竹签之下
当晚,武田把胡队长重新提进了审讯室
白炽灯还是那盏白炽灯,铁椅子还是那把铁椅子,帆布工具包里的东西还是那几样——老虎钳的钳口上还残留着上一轮留下的干涸血迹,竹签少了两根,被折断在胡队长食指的指甲缝里没有拔出来
胡队长被两个宪兵架着胳膊拖进来时,右腿的枪伤已经换了新绷带,但那条腿显然已经不能承重了——他几乎是单脚跳着被拖到铁椅子上的
皮带重新勒紧,那条伤腿被固定在椅子腿上,绷带边缘渗出一圈淡红色的血渍
武田站在铁椅子前面,没有坐,也没有翻登记本
他把一支烟叼在嘴上点着,吸了一口,把烟雾从鼻孔里喷出来,低头看着胡队长
胡队长的脸上青一块紫一块,嘴角那道被枪托砸出来的口子已经结了痂,但被重新拖进审讯室之后他又开始咬嘴唇,血痂裂了,鲜血沿着下巴往下淌
他抬头看着武田,眼睛里的血丝比昨天更多,但眼神还是硬的
“霞飞路的据点——你供的是真的,电台、弹药箱、地图、纸灰。我们的人去的时候纸灰还烫手,人刚跑。你供了一个真的,所以今晚我给你一个机会”
武田把烟从嘴上拿下来,弹了弹烟灰
“把你剩下的据点全部说出来,说了,我让人给你打麻药,给你换最好的外科医生!不说,今晚我换一套新工具——这套工具你还没见过”
胡队长沉默了好一会儿
白炽灯在他头顶嗡嗡轻响,他的喉结上下滚了滚,然后他从喉咙里挤出一声沙哑的、像是在喉咙里闷了很久的笑
那声笑很短,只响了一下就断了,但武田听得很清楚
“新工具?你还有什么新工具?老虎钳、竹签、橡胶棍、手术刀——不就这几样吗?你还能变出花来?”
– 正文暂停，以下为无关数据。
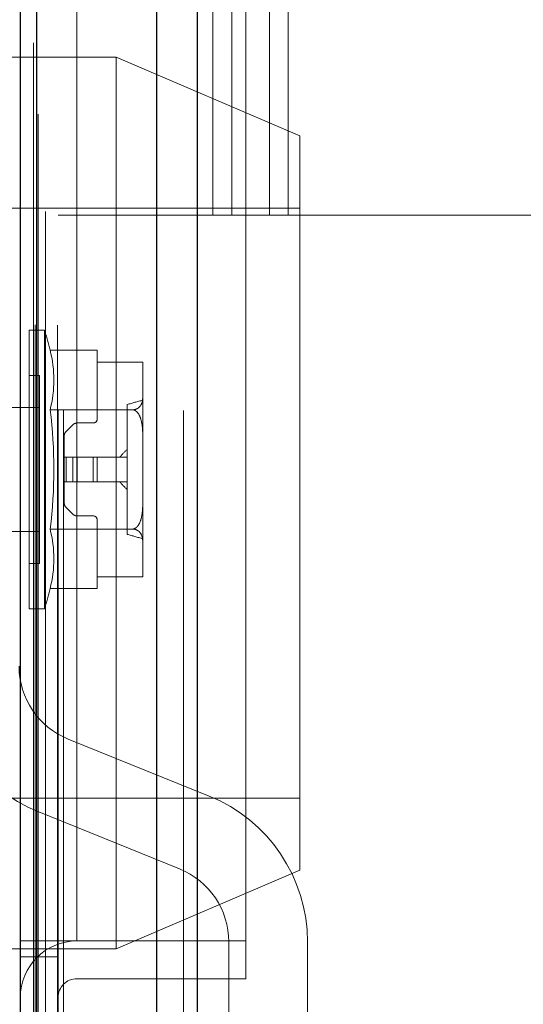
# Model space of a CAD drawing. Header units: inches. Extents: x 0.2 to 10.8, y 0.2 to 8.2.
# Tile 122 of 156: x 5.8335 to 5.8815, y 3.0992 to 3.193. Entities that reach past the tile are written whole.
import ezdxf

# ---------------------------------------------------------------- set-up
doc = ezdxf.new("R2010")
doc.units = ezdxf.units.IN
doc.header["$MEASUREMENT"] = 0
doc.linetypes.add('HIDDEN', pattern=[0.07500000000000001, 0.05, -0.025])
doc.layers.add('DIMENSIONS', color=140, linetype='Continuous')
doc.styles.add('SLDTEXTSTYLE0', font='TXT', dxfattribs={"width": 0.7})
doc.dimstyles.new('SLDDIMSTYLE0', dxfattribs={"dimtxt": 0.0849609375, "dimasz": 0.13, "dimexe": 0, "dimexo": 0.0625, "dimgap": 0.021240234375, "dimtad": 0, "dimtih": 1, "dimtoh": 1, "dimlfac": 20, "dimrnd": 1e-09, "dimzin": 12, "dimdsep": 46, "dimtxsty": 'SLDTEXTSTYLE0', "dimsah": 1, "dimcen": 0.09, "dimadec": 0, "dimazin": 3, "dimtfac": 1, "dimtofl": 0, "dimtmove": 0, "dimatfit": 3, "dimfxl": 0, "dimfrac": 2, "dimtolj": 1, "dimtzin": 12, "dimarcsym": 0})

# ---------------------------------------------------------------- blocks, each defined once
blk = doc.blocks.new('_D_18')
at = {"layer": 'DIMENSIONS'}
for p, q in [((5.801914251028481, 4.998602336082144), (5.375069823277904, 4.998602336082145)), ((5.500069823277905, 4.998602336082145), (5.500069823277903, 4.262562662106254)), ((5.338495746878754, 4.108511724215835), (5.309965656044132, 4.108511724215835)), ((5.309965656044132, 4.108511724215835), (5.309965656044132, 3.973480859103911)), ((5.661643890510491, 4.108511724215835), (5.690173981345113, 4.108511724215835)), ((5.690173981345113, 4.108511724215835), (5.690173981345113, 3.973480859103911)), ((5.309965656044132, 3.973480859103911), (5.338495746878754, 3.973480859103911)), ((5.690173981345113, 3.973480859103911), (5.661643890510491, 3.973480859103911)), ((5.500069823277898, 3.174402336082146), (5.500069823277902, 3.954460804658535)), ((5.801914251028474, 3.174402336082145), (5.375069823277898, 3.174402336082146))]:
    blk.add_line(p, q, dxfattribs=at)
for points in [[(5.500069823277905, 4.998602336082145), (5.480069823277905, 4.868602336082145), (5.520069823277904, 4.868602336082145)], [(5.500069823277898, 3.174402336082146), (5.520069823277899, 3.304402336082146), (5.480069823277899, 3.304402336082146)]]:
    blk.add_solid(points, dxfattribs=at)
at = {"layer": 'DIMENSIONS', "char_height": 0.08333333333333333, "attachment_point": 1, "style": 'SLDTEXTSTYLE0'}
for s, insert in [('36.48', (5.338495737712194, 4.234954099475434)), ('926.7', (5.338495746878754, 4.080903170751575))]:
    blk.add_mtext(s, dxfattribs=dict(at, insert=insert))
blk = doc.blocks.new('_D_19')
at = {"layer": 'DIMENSIONS'}
for p, q in [((5.783564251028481, 5.067752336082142), (4.869614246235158, 5.0677523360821)), ((4.994614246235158, 5.067752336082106), (4.994614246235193, 4.318118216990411)), ((4.833040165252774, 4.187987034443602), (4.80451007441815, 4.187987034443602)), ((4.80451007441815, 4.187987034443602), (4.80451007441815, 4.052956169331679)), ((5.156188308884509, 4.187987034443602), (5.184718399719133, 4.187987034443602)), ((5.184718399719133, 4.187987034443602), (5.184718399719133, 4.052956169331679)), ((4.80451007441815, 4.052956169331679), (4.833040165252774, 4.052956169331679)), ((5.184718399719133, 4.052956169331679), (5.156188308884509, 4.052956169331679)), ((4.994614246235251, 3.105202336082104), (4.994614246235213, 3.898905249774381)), ((5.783564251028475, 3.105202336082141), (4.869614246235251, 3.105202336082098))]:
    blk.add_line(p, q, dxfattribs=at)
for points in [[(4.994614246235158, 5.067752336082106), (4.974614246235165, 4.937752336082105), (5.014614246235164, 4.937752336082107)], [(4.994614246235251, 3.105202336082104), (5.014614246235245, 3.235202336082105), (4.974614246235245, 3.235202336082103)]]:
    blk.add_solid(points, dxfattribs=at)
at = {"layer": 'DIMENSIONS', "char_height": 0.08333333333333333, "attachment_point": 1, "style": 'SLDTEXTSTYLE0'}
for s, insert in [('39.25', (4.833040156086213, 4.314429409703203)), ('997.0', (4.833040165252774, 4.160378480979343)), ('OPENING', (4.73257719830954, 4.006327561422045))]:
    blk.add_mtext(s, dxfattribs=dict(at, insert=insert))

msp = doc.modelspace()

# ---------------------------------------------------------------- linework, layer by layer
at = {"color": 7, "linetype": 'Continuous', "lineweight": 25}
for p, q in [((5.850409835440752, 5.123250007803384), (5.850409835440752, 3.055752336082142)), ((5.846591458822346, 3.055752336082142), (5.846591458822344, 5.122541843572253)), ((5.833564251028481, 3.055752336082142), (5.833564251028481, 5.117002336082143)), ((5.835145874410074, 3.055752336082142), (5.835145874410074, 5.117157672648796))]:
    msp.add_line(p, q, dxfattribs=at)
at = {"color": 7, "linetype": 'HIDDEN', "lineweight": 18}
for p, q in [((5.850409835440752, 5.123250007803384), (5.850409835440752, 3.055752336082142)), ((5.850409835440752, 3.055752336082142), (5.850409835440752, 5.123250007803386)), ((5.850409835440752, 3.055752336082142), (5.850409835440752, 5.123250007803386)), ((5.846591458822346, 3.055752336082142), (5.846591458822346, 5.122541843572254)), ((5.849137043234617, 3.055752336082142), (5.849137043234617, 5.122541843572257)), ((5.849137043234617, 3.055752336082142), (5.849137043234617, 5.122541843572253)), ((5.835145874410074, 3.055752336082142), (5.835145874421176, 5.117157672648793)), ((5.83716425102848, 3.055752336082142), (5.83716425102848, 5.117002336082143)), ((5.837691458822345, 3.055752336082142), (5.837691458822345, 5.117157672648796)), ((5.837691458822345, 3.055752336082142), (5.837691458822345, 5.117157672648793)), ((5.834993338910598, 3.063932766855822), (5.834993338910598, 5.109062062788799)), ((5.835957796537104, 3.074731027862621), (5.835957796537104, 5.098258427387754)), ((5.8352551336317, 3.083996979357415), (5.8352551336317, 5.088999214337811)), ((5.834820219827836, 3.09082438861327), (5.834820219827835, 5.082149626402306)), ((5.83896425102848, 3.10520233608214), (5.83896425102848, 5.067752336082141)), ((5.83896425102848, 3.10520233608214), (5.83896425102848, 5.067752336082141)), ((5.83896425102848, 3.105202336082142), (5.83896425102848, 5.067752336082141)), ((5.83896425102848, 3.105202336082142), (5.83896425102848, 5.067752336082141)), ((5.851914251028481, 3.174402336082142), (5.851914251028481, 3.505502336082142)), ((5.851914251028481, 3.174402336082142), (5.851914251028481, 3.505502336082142)), ((5.853714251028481, 3.174402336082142), (5.853714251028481, 3.505502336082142)), ((5.85731425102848, 3.174402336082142), (5.85731425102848, 3.505502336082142)), ((5.859114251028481, 3.174402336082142), (5.859114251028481, 3.505502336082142)), ((5.859114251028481, 3.174402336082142), (5.859114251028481, 3.505502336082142)), ((5.85506425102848, 3.105202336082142), (5.85506425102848, 3.295577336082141)), ((5.842707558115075, 3.189439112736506), (5.797707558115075, 3.189439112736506)), ((5.842707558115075, 3.189439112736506), (5.842707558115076, 3.146939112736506)), ((5.860207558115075, 3.181939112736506), (5.842707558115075, 3.189439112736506)), ((5.860207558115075, 3.181939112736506), (5.860207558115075, 3.146939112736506)), ((5.860207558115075, 3.175064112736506), (5.810207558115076, 3.175064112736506)), ((5.851914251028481, 3.174402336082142), (5.83716425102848, 3.174402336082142)), ((5.853714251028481, 3.174402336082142), (5.851914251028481, 3.174402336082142)), ((5.859114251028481, 3.174402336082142), (5.853714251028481, 3.174402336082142)), ((5.891889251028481, 3.174402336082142), (5.859114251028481, 3.174402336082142)), ((5.83440519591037, 3.136861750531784), (5.83440519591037, 3.16343655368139)), ((5.835870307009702, 3.16343655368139), (5.83440519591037, 3.16343655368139)), ((5.835870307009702, 3.136861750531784), (5.835870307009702, 3.163436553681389)), ((5.83640375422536, 3.16151431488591), (5.840901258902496, 3.16151431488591)), ((5.840901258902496, 3.160377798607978), (5.840901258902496, 3.16151431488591)), ((5.845231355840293, 3.160377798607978), (5.840901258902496, 3.160377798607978)), ((5.840901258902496, 3.154971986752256), (5.840901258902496, 3.160377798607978)), ((5.845231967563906, 3.160324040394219), (5.845231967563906, 3.160342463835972)), ((5.845231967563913, 3.160324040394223), (5.845231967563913, 3.160342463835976)), ((5.845231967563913, 3.160324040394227), (5.845231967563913, 3.16034246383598)), ((5.845231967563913, 3.157022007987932), (5.845231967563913, 3.160324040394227)), ((5.835389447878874, 3.159105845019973), (5.83440519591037, 3.159105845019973)), ((5.835389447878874, 3.141192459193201), (5.835389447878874, 3.159105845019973)), ((5.845231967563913, 3.153451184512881), (5.845231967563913, 3.157022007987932)), ((5.835389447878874, 3.15605466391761), (5.815927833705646, 3.15605466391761)), ((5.83640375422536, 3.155831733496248), (5.844285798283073, 3.155831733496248)), ((5.843755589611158, 3.143958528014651), (5.843755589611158, 3.156339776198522)), ((5.837924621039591, 3.153767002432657), (5.83856293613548, 3.154405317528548)), ((5.838980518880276, 3.154578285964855), (5.840507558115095, 3.154578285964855)), ((5.837751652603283, 3.151330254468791), (5.837751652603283, 3.153349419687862)), ((5.845231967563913, 3.146847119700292), (5.845231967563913, 3.153451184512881)), ((5.837751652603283, 3.151330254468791), (5.837751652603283, 3.148968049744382)), ((5.837924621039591, 3.151330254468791), (5.837751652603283, 3.151330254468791)), ((5.837924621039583, 3.151330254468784), (5.837924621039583, 3.148968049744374)), ((5.837924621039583, 3.151330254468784), (5.837924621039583, 3.148968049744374)), ((5.837924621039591, 3.151330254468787), (5.837924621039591, 3.148968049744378)), ((5.837924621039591, 3.151330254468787), (5.837924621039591, 3.148968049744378)), ((5.83856293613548, 3.151330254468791), (5.837924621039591, 3.151330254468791)), ((5.837924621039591, 3.151330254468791), (5.837924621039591, 3.148968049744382)), ((5.837924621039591, 3.151330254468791), (5.837924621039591, 3.148968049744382)), ((5.838562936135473, 3.151330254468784), (5.838562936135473, 3.148968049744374)), ((5.838562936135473, 3.151330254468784), (5.838562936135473, 3.148968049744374)), ((5.83856293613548, 3.151330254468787), (5.83856293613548, 3.148968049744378)), ((5.83856293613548, 3.151330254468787), (5.83856293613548, 3.148968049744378)), ((5.838980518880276, 3.151330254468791), (5.83856293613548, 3.151330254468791)), ((5.83856293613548, 3.151330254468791), (5.83856293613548, 3.148968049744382)), ((5.83856293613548, 3.151330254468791), (5.83856293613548, 3.148968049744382)), ((5.838980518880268, 3.151330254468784), (5.838980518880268, 3.148968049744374)), ((5.838980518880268, 3.151330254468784), (5.838980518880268, 3.148968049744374)), ((5.838980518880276, 3.151330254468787), (5.838980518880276, 3.148968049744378)), ((5.838980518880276, 3.151330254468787), (5.838980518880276, 3.148968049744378)), ((5.840507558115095, 3.151330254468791), (5.838980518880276, 3.151330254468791)), ((5.838980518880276, 3.151330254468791), (5.838980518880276, 3.148968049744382)), ((5.838980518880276, 3.151330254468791), (5.838980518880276, 3.148968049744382)), ((5.840507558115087, 3.151330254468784), (5.840507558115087, 3.148968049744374)), ((5.840507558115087, 3.151330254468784), (5.840507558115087, 3.148968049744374)), ((5.840507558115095, 3.151330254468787), (5.840507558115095, 3.148968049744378)), ((5.840507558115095, 3.151330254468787), (5.840507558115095, 3.148968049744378)), ((5.840507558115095, 3.151330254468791), (5.840507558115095, 3.148968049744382)), ((5.840901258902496, 3.151330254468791), (5.840507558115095, 3.151330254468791)), ((5.840507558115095, 3.151330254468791), (5.840507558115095, 3.148968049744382)), ((5.843755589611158, 3.151330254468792), (5.840901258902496, 3.151330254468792)), ((5.840901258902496, 3.151330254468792), (5.840901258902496, 3.148968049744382)), ((5.837924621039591, 3.148968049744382), (5.837751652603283, 3.148968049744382)), ((5.837751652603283, 3.146948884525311), (5.837751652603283, 3.148968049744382)), ((5.83856293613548, 3.148968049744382), (5.837924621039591, 3.148968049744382)), ((5.838980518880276, 3.148968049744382), (5.83856293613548, 3.148968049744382)), ((5.840507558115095, 3.148968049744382), (5.838980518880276, 3.148968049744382)), ((5.840901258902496, 3.148968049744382), (5.840507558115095, 3.148968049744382)), ((5.843755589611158, 3.148968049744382), (5.840901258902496, 3.148968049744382)), ((5.83856293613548, 3.145892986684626), (5.837924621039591, 3.146531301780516)), ((5.842707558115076, 3.146939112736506), (5.842707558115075, 3.104439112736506)), ((5.845231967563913, 3.143276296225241), (5.845231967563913, 3.146847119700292)), ((5.860207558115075, 3.146939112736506), (5.860207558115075, 3.111939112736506)), ((5.840507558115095, 3.145720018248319), (5.838980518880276, 3.145720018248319)), ((5.840901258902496, 3.139920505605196), (5.840901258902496, 3.145326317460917)), ((5.836403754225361, 3.144466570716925), (5.844285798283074, 3.144466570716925)), ((5.815927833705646, 3.144243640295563), (5.835389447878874, 3.144243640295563)), ((5.845231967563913, 3.139974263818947), (5.845231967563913, 3.143276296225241)), ((5.83440519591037, 3.141192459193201), (5.835389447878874, 3.141192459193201)), ((5.840901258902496, 3.139920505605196), (5.845231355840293, 3.139920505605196)), ((5.840901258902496, 3.138783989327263), (5.840901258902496, 3.139920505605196)), ((5.845231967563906, 3.139955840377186), (5.845231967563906, 3.13997426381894)), ((5.845231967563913, 3.139955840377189), (5.845231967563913, 3.139974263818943)), ((5.845231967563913, 3.139955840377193), (5.845231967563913, 3.139974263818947)), ((5.836403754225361, 3.138783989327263), (5.840901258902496, 3.138783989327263)), ((5.83440519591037, 3.136861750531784), (5.835870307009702, 3.136861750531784)), ((5.85156443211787, 3.119013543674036), (5.83812872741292, 3.124447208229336)), ((5.810207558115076, 3.118814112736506), (5.860207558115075, 3.118814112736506)), ((5.835316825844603, 3.117494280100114), (5.848752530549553, 3.112060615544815)), ((5.842707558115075, 3.104439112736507), (5.860207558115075, 3.111939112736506)), ((5.833564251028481, 3.105202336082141), (5.83716425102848, 3.105202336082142)), ((5.83716425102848, 3.105202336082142), (5.83896425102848, 3.10520233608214)), ((5.85506425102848, 3.105202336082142), (5.83896425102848, 3.10520233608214)), ((5.853440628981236, 3.105107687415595), (5.853440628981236, 3.076150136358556)), ((5.85506425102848, 3.101602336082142), (5.85506425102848, 3.105202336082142)), ((5.860940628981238, 3.076150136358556), (5.860940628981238, 3.105107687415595)), ((5.797707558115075, 3.104439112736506), (5.842707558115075, 3.104439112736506)), ((5.83716425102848, 3.10370233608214), (5.833564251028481, 3.10370233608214)), ((5.85506425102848, 3.101602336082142), (5.83896425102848, 3.101602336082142))]:
    msp.add_line(p, q, dxfattribs=at)
at = {"color": 7, "linetype": 'HIDDEN', "lineweight": 18, "flags": 128}
for points in [[(5.837097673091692, 3.063898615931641), (5.8370979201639, 4.078402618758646), (5.837097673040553, 5.109096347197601)], [(5.837097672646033, 3.063896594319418), (5.837097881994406, 4.065817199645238), (5.837097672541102, 5.109096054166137)], [(5.835957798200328, 3.074724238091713), (5.835957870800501, 4.10773421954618), (5.835957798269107, 5.098271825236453)], [(5.835255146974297, 3.084007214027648), (5.835255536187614, 4.045133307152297), (5.835255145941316, 5.088998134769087)]]:
    msp.add_lwpolyline(points, dxfattribs=at)
at = {"color": 7, "linetype": 'HIDDEN', "lineweight": 18}
for centre, radius, start, end in [((5.791720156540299, 3.150149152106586), 0.04610629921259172, 14.27044514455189, 16.74966025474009), ((5.825345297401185, 3.158673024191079), 0.01141763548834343, 345.590465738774, 14.40953426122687), ((5.842907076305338, 3.160324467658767), 0.00232489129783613, 359.9894702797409, 1.314429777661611), ((5.844211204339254, 3.16034246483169), 0.001020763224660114, 359.9999441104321, 1.983692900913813), ((5.842907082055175, 3.160324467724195), 0.002324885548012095, 359.9894686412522, 1.314431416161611), ((6.128568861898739, 2.138428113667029), 1.057006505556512, 105.5486178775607, 105.6317027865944), ((5.791720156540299, 3.150149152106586), 0.04504348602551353, 352.7523851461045, 7.247614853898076), ((5.840507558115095, 3.154971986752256), 0.0003937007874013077, 270.0000000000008, 0), ((5.838342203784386, 3.153349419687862), 0.0005905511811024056, 135, 180), ((5.838980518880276, 3.153987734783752), 0.0005905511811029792, 90, 135.0000000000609), ((5.838342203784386, 3.146948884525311), 0.0005905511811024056, 180, 225.0000000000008), ((5.838980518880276, 3.146310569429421), 0.0005905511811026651, 224.9999999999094, 270.0000000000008), ((5.840507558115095, 3.145326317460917), 0.0003937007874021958, 0, 90), ((5.825345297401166, 3.141625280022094), 0.01141763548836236, 345.5904657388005, 14.40953426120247), ((6.128569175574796, 4.161871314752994), 1.057007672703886, 254.3682972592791, 254.4513820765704), ((5.842907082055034, 3.13997383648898), 0.002324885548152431, 358.6855685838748, 0.0105313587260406), ((5.842907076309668, 3.139973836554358), 0.002324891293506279, 358.685570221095, 0.01052972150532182), ((5.844211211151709, 3.139955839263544), 0.001020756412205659, 358.0163004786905, 6.250989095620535e-05), ((5.791720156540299, 3.150149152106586), 0.04610629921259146, 343.2503397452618, 345.7295548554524), ((5.840940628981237, 3.131400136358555), 0.01500000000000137, 180, 247.9806186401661), ((5.840940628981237, 3.131400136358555), 0.007500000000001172, 180, 247.9806186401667), ((5.845940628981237, 3.105107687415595), 0.01500000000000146, 0, 67.98061864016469), ((5.845940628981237, 3.105107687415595), 0.007499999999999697, 0, 67.98061864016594), ((5.83896425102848, 3.099802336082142), 0.005399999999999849, 90, 180), ((5.83896425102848, 3.099802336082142), 0.001800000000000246, 90, 180)]:
    msp.add_arc(centre, radius, start, end, dxfattribs=at)
for points, knots in [([(5.844285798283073, 3.155831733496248), (5.844402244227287, 3.155836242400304), (5.844510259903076, 3.155861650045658), (5.84469156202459, 3.155932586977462), (5.844766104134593, 3.155977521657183), (5.84495353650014, 3.156122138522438), (5.845032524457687, 3.15623090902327), (5.845204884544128, 3.156563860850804), (5.845231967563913, 3.15679300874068), (5.845231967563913, 3.157022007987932)], [0, 0, 0, 0, 0.1249999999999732, 0.1249999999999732, 0.2499999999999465, 0.2499999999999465, 0.4999999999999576, 0.4999999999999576, 1, 1, 1, 1]), ([(5.845231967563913, 3.153451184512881), (5.845231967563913, 3.153909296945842), (5.845204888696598, 3.154367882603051), (5.845032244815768, 3.15503425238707), (5.844952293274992, 3.155252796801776), (5.844766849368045, 3.155539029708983), (5.844691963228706, 3.155629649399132), (5.844510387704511, 3.155771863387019), (5.844402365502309, 3.155822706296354), (5.844285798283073, 3.155831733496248)], [0, 0, 0, 0, 0.5000000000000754, 0.5000000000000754, 0.7500000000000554, 0.7500000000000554, 0.8750000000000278, 0.8750000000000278, 1, 1, 1, 1]), ([(5.844285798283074, 3.144466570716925), (5.84440224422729, 3.144475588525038), (5.844510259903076, 3.144526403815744), (5.844691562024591, 3.144668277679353), (5.844766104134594, 3.144758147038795), (5.84495353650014, 3.145047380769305), (5.845032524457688, 3.145264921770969), (5.845204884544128, 3.145930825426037), (5.845231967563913, 3.146389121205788), (5.845231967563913, 3.146847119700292)], [0, 0, 0, 0, 0.1250000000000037, 0.1250000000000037, 0.2500000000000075, 0.2500000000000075, 0.500000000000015, 0.500000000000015, 1, 1, 1, 1]), ([(5.845231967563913, 3.143276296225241), (5.845231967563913, 3.143505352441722), (5.845204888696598, 3.143734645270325), (5.845032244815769, 3.144067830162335), (5.844952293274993, 3.144177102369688), (5.844766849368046, 3.144320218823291), (5.844691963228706, 3.144365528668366), (5.844510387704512, 3.14443663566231), (5.844402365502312, 3.144462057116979), (5.844285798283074, 3.144466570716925)], [0, 0, 0, 0, 0.5000000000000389, 0.5000000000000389, 0.7500000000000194, 0.7500000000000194, 0.8750000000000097, 0.8750000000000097, 1, 1, 1, 1])]:
    msp.add_open_spline(points, degree=3, knots=knots, dxfattribs=at)
for points in [[(5.843755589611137, 3.152066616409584), (5.843506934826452, 3.151836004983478), (5.843267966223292, 3.151596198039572), (5.843056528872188, 3.151330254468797)], [(5.843056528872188, 3.148968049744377), (5.843267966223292, 3.148702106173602), (5.843506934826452, 3.148462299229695), (5.843755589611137, 3.14823168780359)]]:
    msp.add_open_spline(points, degree=3, dxfattribs=at)

# ---------------------------------------------------------------- dimensions: what is measured, and where the dimension line sits
at = {"layer": 'DIMENSIONS'}
dim = msp.add_linear_dim(base=(4.994614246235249, 3.105202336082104), p1=(5.833564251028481, 5.067752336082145), p2=(5.833564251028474, 3.105202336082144), angle=90.0000000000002, text='<>\\POPENING', dimstyle='SLDDIMSTYLE0', dxfattribs=at)
dim.commit()
dim.dimension.update_dxf_attribs({"geometry": '_D_19', "text_midpoint": (4.994614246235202, 4.108511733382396), "dimtype": 160})
dim = msp.add_linear_dim(base=(5.500069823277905, 4.998602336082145), p1=(5.851914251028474, 3.174402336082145), p2=(5.851914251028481, 4.998602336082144), angle=90.0000000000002, dimstyle='SLDDIMSTYLE0', dxfattribs=at)
dim.commit()
dim.dimension.update_dxf_attribs({"geometry": '_D_18', "text_midpoint": (5.500069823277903, 4.108511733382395), "dimtype": 160})

doc.saveas('drawing.dxf')

他把头靠在椅背上,歪着头看着武田,嘴角挂着一丝被疼痛逼出来的挑衅的笑
“我告诉你,姓武的,老子的手指头已经被你夹碎了四根,指甲缝里还嵌着你那两根断了的竹签——你觉得我还在乎你换什么新工具?”
武田低头看着他,沉默了很长时间
然后他把烟叼回嘴上,转过身走到桌前,从帆布工具包最底层掏出了一样东西——一把生锈的铁锤
锤头不大,只有巴掌宽,但锈迹斑斑的铁面上沾满了暗褐色的污渍,不知道是血还是别的什么。他把铁锤放在桌上,又从工具包里掏出一根铁钉——钉子也不长,两寸左右,钉尖被磨得极利,在白炽灯下反着冷光
“你膝盖上的枪伤还没好。我要是把这根钉子钉进你的膝盖骨里——不是钉在肉上,是钉在骨头里——你这辈子就别想再用这条腿走路了。你以前在青帮打过架,应该见过这种伤。”
他把铁钉举到胡队长面前,钉尖离他的瞳孔只有一寸
“我不钉你手指,你手指已经废了,我钉你膝盖。你说不说?”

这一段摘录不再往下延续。